Bonds took a beating, with the benchmark 30-year Treasury bond giving up three full points during the day and ending with a 2.59-point loss. The bond rarely moves a full point, which is the equivalent of $10 in the price of a bond with a face value of $1,000.

Gold again rose sharply as investors sought a haven from the economic turmoil. Prices of gold for current delivery rose $7.30 an ounce to close at $384.70 in New York Commodity Exchange trading.

Foreign stocks were off sharply. Tokyo’s Nikkei index of 225 shares lost 3.1% Monday and was off an additional 3.31% at the close of trading today. London’s FTSE 100-share index closed down 2.9% on Monday.

U.S. stock investors were besieged by any number of fears.

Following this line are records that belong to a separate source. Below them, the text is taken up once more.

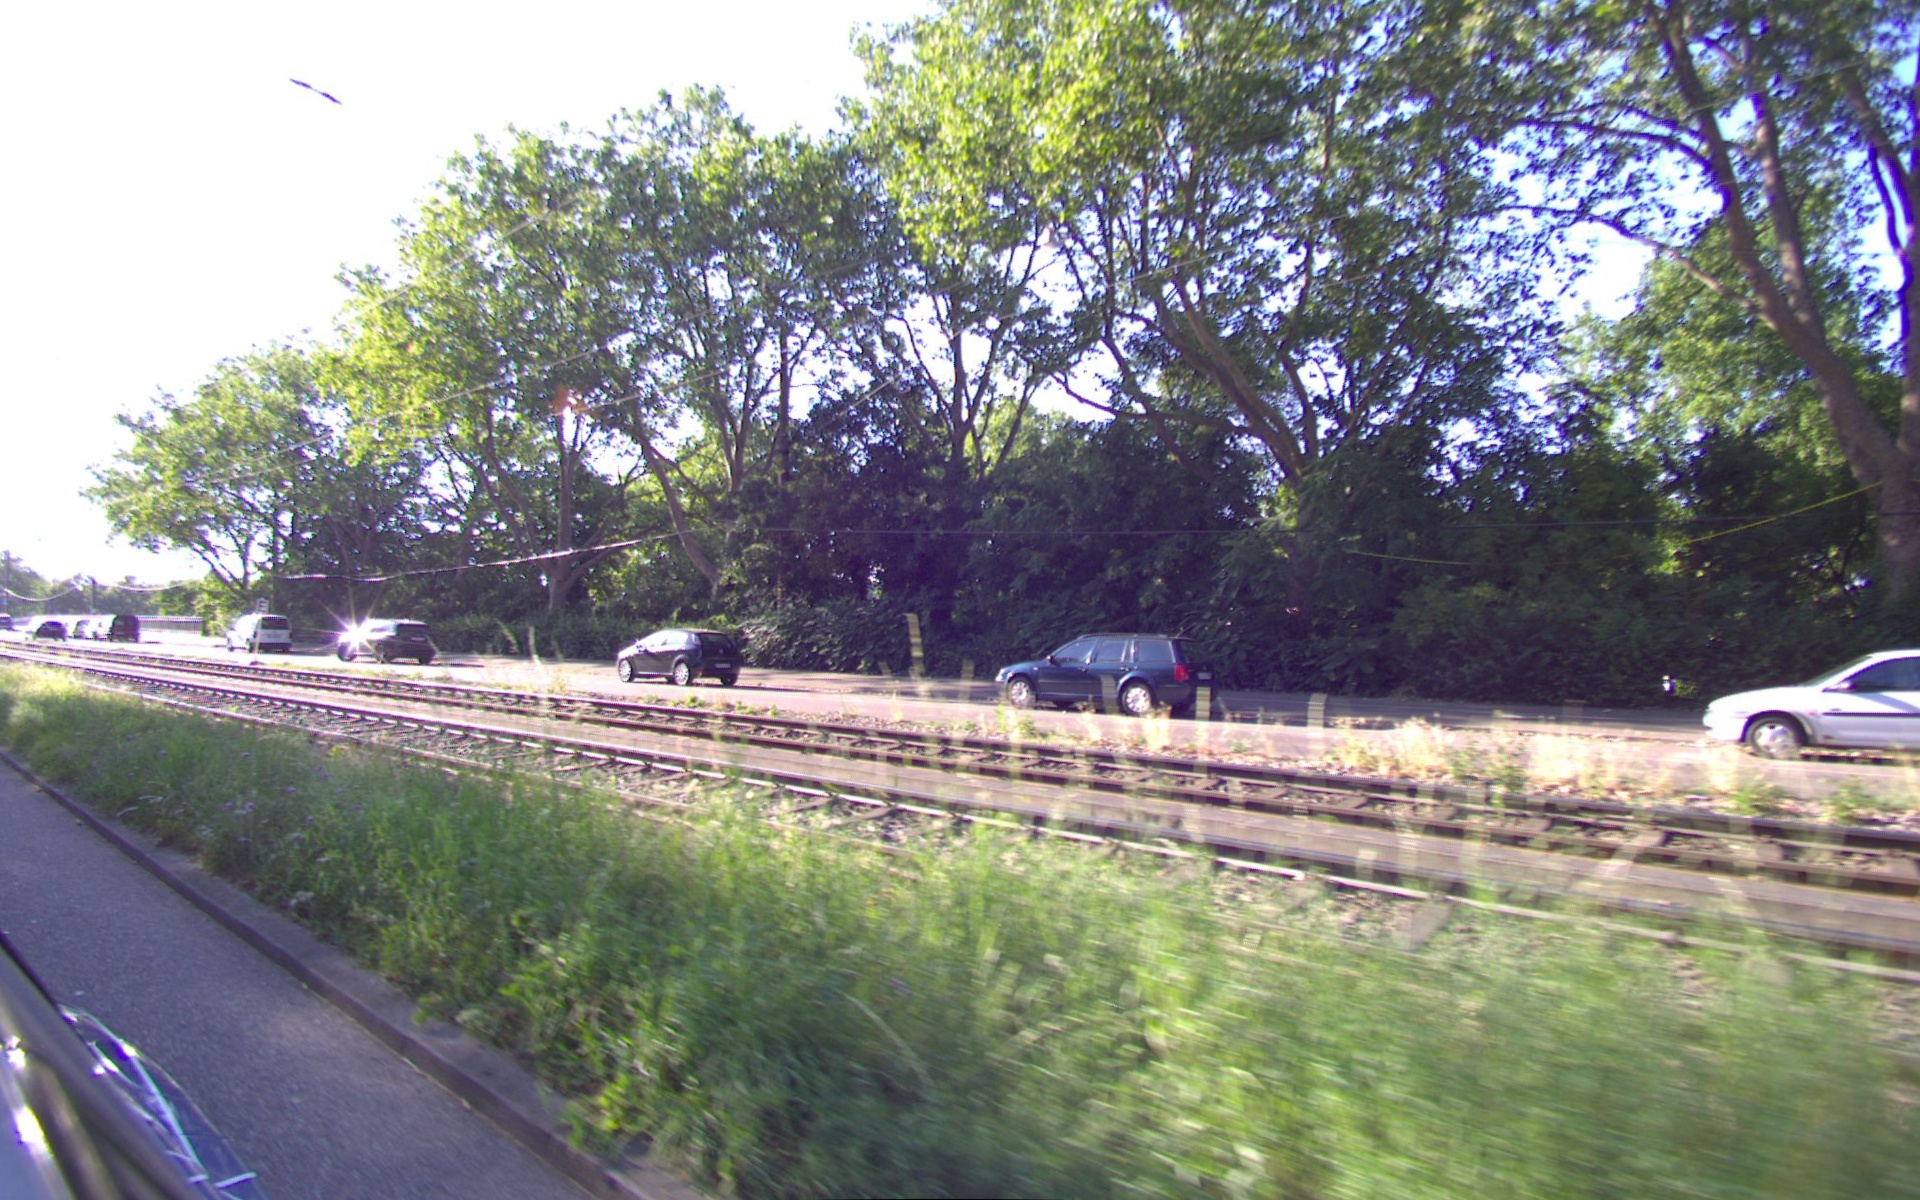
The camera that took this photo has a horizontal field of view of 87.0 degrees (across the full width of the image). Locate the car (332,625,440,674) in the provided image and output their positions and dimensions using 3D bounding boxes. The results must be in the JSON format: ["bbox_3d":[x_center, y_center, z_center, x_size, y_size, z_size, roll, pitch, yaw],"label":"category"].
[{"bbox_3d":[-22.214,1.891,39.103,4.382,1.732,1.812,0,-3,34],"label":"car"}]

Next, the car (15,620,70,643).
[{"bbox_3d":[-60.929,2.111,67.211,4.744,1.426,1.901,-1,-4,39],"label":"car"}]

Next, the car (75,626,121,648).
[{"bbox_3d":[-60.303,2.570,70.798,3.780,1.453,1.638,-1,-3,38],"label":"car"}]

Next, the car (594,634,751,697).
[{"bbox_3d":[-7.774,1.707,27.199,4.388,1.517,1.809,-1,-3,38],"label":"car"}]

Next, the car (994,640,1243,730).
[{"bbox_3d":[2.915,1.533,19.094,4.318,1.448,1.809,-1,-3,38],"label":"car"}]

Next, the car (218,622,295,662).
[{"bbox_3d":[-34.389,2.035,49.420,4.388,1.854,1.809,-1,-3,38],"label":"car"}]

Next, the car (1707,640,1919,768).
[{"bbox_3d":[11.577,1.257,12.426,3.846,1.448,1.722,-1,-3,38],"label":"car"}]

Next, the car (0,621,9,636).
[{"bbox_3d":[-96.488,2.833,101.120,3.922,1.511,1.637,-1,-3,40],"label":"car"}]

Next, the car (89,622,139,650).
[{"bbox_3d":[-56.178,2.374,67.195,3.894,1.753,1.713,-1,-3,38],"label":"car"}]

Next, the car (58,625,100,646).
[{"bbox_3d":[-64.609,2.580,74.193,3.781,1.453,1.638,-1,-3,39],"label":"car"}]

They worried that a constriction of oil supplies from Iraq and Kuwait would sharply drive up oil prices, which in turn would weaken a U.S. economy showing ever clearer signs of recession. The Administration’s stern warnings to the Iraqis, rumors of troop movements and reports that Iraqis were rounding up Westerners in Kuwait aroused fears of military confrontation also.

“Today, you had your pick of doomsday scenarios,” Metz said.

Volume on the New York Stock Exchange was a heavy 240.40 million shares, but that was less than the 292.36 million shares that traded hands Friday, or Thursday’s 253.1 million.

It was the worst day in the over-the-counter market since the crash of Oct. 19, 1987. The NASDAQ composite index, the leading indicator of activity in the over-the-counter market, declined 17.42 points, or 4.2%, to close at 417.34. The index is off 12% for the year.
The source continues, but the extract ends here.